Pulp magazines were not taken very seriously until one called Black Mask appeared. Edited by the famous H.L. Mencken and George Jean Nathan in 1920, it became more prestigious than other publications of its type. It was quickly taken over by its publishers when the original editors lost interest. The new editor took the magazine very seriously and held the contributors to high standards. The contribution made by Black Mask to the eventual rise of Film Noir cannot be underestimated; Showcasing writers like Hammett, Paul Cain, Roger Torrey, Earl Stanley Gardner, Fredrick Nebel, and Raymond Chandler the hard boiled detective story flowered like a black rose.
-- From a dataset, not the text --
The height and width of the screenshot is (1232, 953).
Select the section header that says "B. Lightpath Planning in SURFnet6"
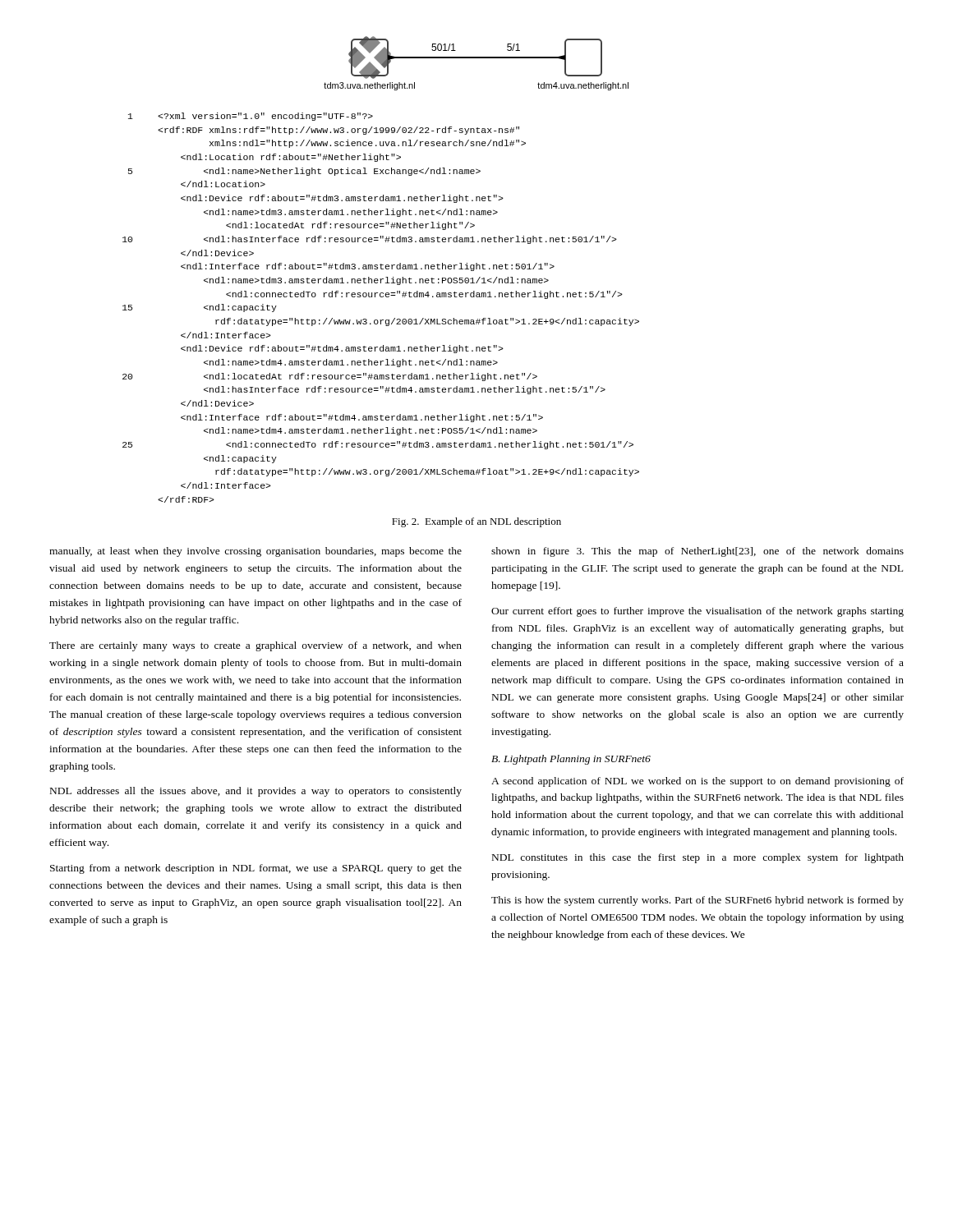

Dashiell Hammett was regarded as the most important writer of the hard-boiled school of writing; Raymond Chandler said that Hammett had taken, “murder out of the Venetian vase and dropped it into the alley.” He was a prolific writer and produced thirty short stories in a two year span. All but two of the thirty early short stories were published in the famous, Black Mask magazine from 1928 to 1930. It is still considered the most prestigious mystery publication and has been revived and can be ordered at: https://blackmaskmagazine.com/
His writings include the novels: Red Harvest, The Dain Curse, The Maltese Falcon, The Glass Key, and The Thin Man. The Maltese Falcon remains one of the most well known of the Film Noirs based on his writing. His Sam Spade was a blueprint for the quintessential hard-boiled detective; brought to life by Humphry Bogart in one of his most imitated characterizations. The following year, The Glass Key was released starring Alan Ladd and Veronica Lake.
Both of these films made a powerful impact on the public. Alan Ladd and Veronica Lake had a strong screen chemistry and would be reunited in This Gun for Hire (1942), The Black Dalia (1946), and Saigon (1948). Bogart also starred in Raymond Chandler’s, The Big Sleep with Lauren Bacall and Martha Vickers (1946). Bogart became as much a part of Film Noir as the black and white photography and stylized dialogue.